List containing multiple header field spec instances.

field itemSize: int | None = None

Expected size of the struct.

field offset: int | None = None

Starting byte offset.

Constraints:
  • ge = 0

field endianness: Endianness | None = None

Endianness of structured data type.

property dtype: dtype[Any]

Converts the names, data types, and offsets of the object into a NumPy dtype.

property names: list[str]

Get the names of the fields.

property formats: list[dtype[Any]]

Get the formats of the fields.

property offsets: list[int]

Get the offsets the fields.

add_field(field, overwrite=False)

Add a field to the structured data type.

Parameters:
Return type:

None

remove_field(name)

Remove a field from the structured data type by name.

Parameters:

name (str)

Return type:

None

customize(fields)

Customizes existing HeaderSpec fields with new headers handling overlaps.

It first handles name conflicts. Then it handles byte-range intersections.

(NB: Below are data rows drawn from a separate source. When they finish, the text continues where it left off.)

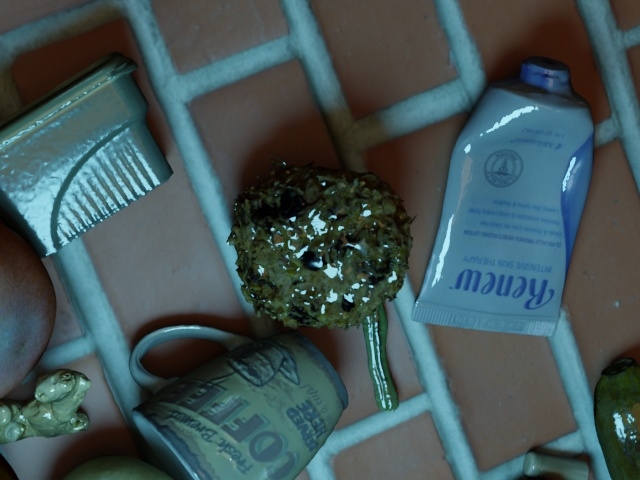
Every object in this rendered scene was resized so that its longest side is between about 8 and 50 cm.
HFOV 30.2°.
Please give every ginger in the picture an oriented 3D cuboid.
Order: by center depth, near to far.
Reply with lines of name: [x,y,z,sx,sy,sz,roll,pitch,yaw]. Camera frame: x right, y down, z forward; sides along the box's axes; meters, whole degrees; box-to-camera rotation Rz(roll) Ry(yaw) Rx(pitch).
ginger: [-0.377,0.227,1.572,0.149,0.258,0.065,-10,73,-17]

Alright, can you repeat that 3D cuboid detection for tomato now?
tomato: [-0.461,0.091,1.500,0.225,0.256,0.255,22,93,24]

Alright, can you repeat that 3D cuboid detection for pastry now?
pastry: [0.000,0.000,1.665,0.275,0.193,0.274,2,119,3]

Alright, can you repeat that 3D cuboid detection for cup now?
cup: [-0.124,0.225,1.669,0.257,0.227,0.301,-37,73,-21]

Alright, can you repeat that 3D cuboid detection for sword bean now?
sword bean: [0.085,0.127,1.762,0.043,0.038,0.269,-5,99,14]

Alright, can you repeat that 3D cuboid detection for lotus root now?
lotus root: [0.491,0.303,1.825,0.124,0.123,0.241,-21,104,-17]

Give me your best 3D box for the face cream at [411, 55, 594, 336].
face cream: [0.285,-0.062,1.755,0.235,0.137,0.420,7,108,-14]

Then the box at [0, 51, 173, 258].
box: [-0.332,-0.114,1.603,0.274,0.138,0.178,-32,108,-3]

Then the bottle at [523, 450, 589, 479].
bottle: [0.366,0.355,1.846,0.097,0.045,0.045,14,94,-11]

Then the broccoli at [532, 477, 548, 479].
broccoli: [0.331,0.435,1.811,0.146,0.138,0.162,-29,140,-1]

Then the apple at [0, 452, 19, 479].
apple: [-0.546,0.355,1.540,0.288,0.288,0.316,-38,100,-5]

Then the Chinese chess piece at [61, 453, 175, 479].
Chinese chess piece: [-0.264,0.415,1.631,0.251,0.097,0.250,13,124,20]
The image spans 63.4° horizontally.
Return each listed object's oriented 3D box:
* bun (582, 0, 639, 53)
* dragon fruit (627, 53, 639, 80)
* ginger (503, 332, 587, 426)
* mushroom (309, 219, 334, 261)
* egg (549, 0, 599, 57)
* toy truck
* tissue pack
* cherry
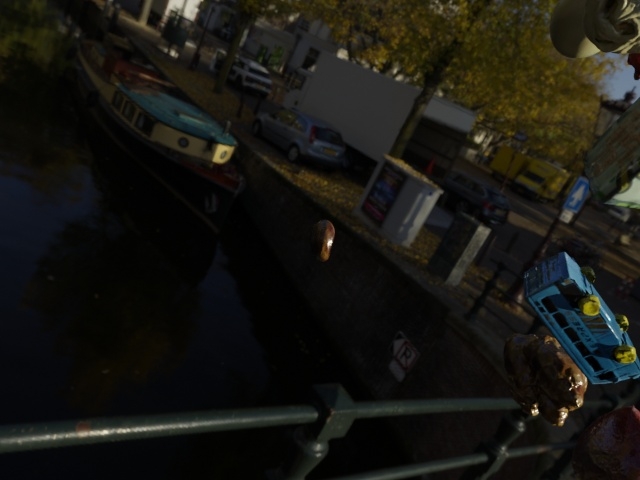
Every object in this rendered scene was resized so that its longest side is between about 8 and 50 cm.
[{"bbox_3d":[0.704,-0.509,1.162,0.231,0.231,0.133,28,61,6],"label":"bun"},{"bbox_3d":[0.884,-0.484,1.404,0.153,0.111,0.153,12,47,-14],"label":"dragon fruit"},{"bbox_3d":[0.728,0.449,1.699,0.153,0.274,0.357,15,-7,-17],"label":"ginger"},{"bbox_3d":[0.000,0.000,1.397,0.052,0.123,0.123,5,25,-18],"label":"mushroom"},{"bbox_3d":[0.856,-0.713,1.647,0.219,0.269,0.219,7,54,-9],"label":"egg"},{"bbox_3d":[0.717,0.218,1.411,0.385,0.162,0.161,48,34,-14],"label":"toy truck"},{"bbox_3d":[0.618,-0.177,0.825,0.228,0.310,0.127,7,56,-12],"label":"tissue pack"},{"bbox_3d":[0.787,0.566,1.334,0.206,0.239,0.239,49,17,-7],"label":"cherry"}]

This ensures no byte-range intersections between new and existing fields. Assumes new fields do not overlap each other (validated first) and existing fields do not overlap each other.

Parameters:

fields (HeaderField | list[HeaderField]) – List of new header fields.

Return type:

None

property itemsize: int

Number of bytes for the data type.

pydantic model segy.schema.HeaderField

A class representing header field spec.

Examples

A named float starting at byte location 9:

>>> field = HeaderField(
>>>     name="my_var",
>>>     format="float32",
>>>     byte=9,
>>> )

The name, byte, and offset fields will only be used if the structured field is used within the context of a HeaderSpec. Offset is calculated automatically from byte location.

>>> field.name
my_var
>>> field.byte
9
>>> field.offset
8

The dtype property is inherited from DataFormat.

>>> field.dtype
dtype('float32')

Show JSON schema
{
   "title": "HeaderField",
   "description": "A class representing header field spec.\n\nExamples:\n    A named float starting at byte location 9:\n\n    >>> field = HeaderField(\n    >>>     name=\"my_var\",\n    >>>     format=\"float32\",\n    >>>     byte=9,\n    >>> )\n\n    The name, byte, and offset fields will only be used if the structured\n    field is used within the context of a :class:`HeaderSpec`. Offset is\n    calculated automatically from byte location.\n\n    >>> field.name\n    my_var\n    >>> field.byte\n    9\n    >>> field.offset\n    8\n\n    The `dtype` property is inherited from :class:`DataFormat`.\n\n    >>> field.dtype\n    dtype('float32')",
   "type": "object",
   "properties": {
      "name": {
         "description": "The short name of the field.",
         "title": "Name",
         "type": "string"
      },
      "byte": {
         "description": "Field's start byte location.",
         "minimum": 1,
         "title": "Byte",
         "type": "integer"
      },
      "format": {
         "$ref": "#/$defs/ScalarType",
         "description": "The data type of the field."
      }
   },
   "$defs": {
      "ScalarType": {
         "description": "A class representing scalar data types.",
         "enum": [
            "ibm32",
            "int64",
            "int32",
            "int16",
            "int8",
            "uint64",
            "uint32",
            "uint16",
            "uint8",
            "float64",
            "float32",
            "float16",
            "S8"
         ],
         "title": "ScalarType",
         "type": "string"
      }
   },
   "required": [
      "name",
      "byte",
      "format"
   ]
}

field name: str [Required]

The short name of the field.

field byte: int [Required]

Field’s start byte location.

Constraints:
  • ge = 1

field format: ScalarType [Required]

The data type of the field.

property offset: int

Return zero based offset from one based byte location.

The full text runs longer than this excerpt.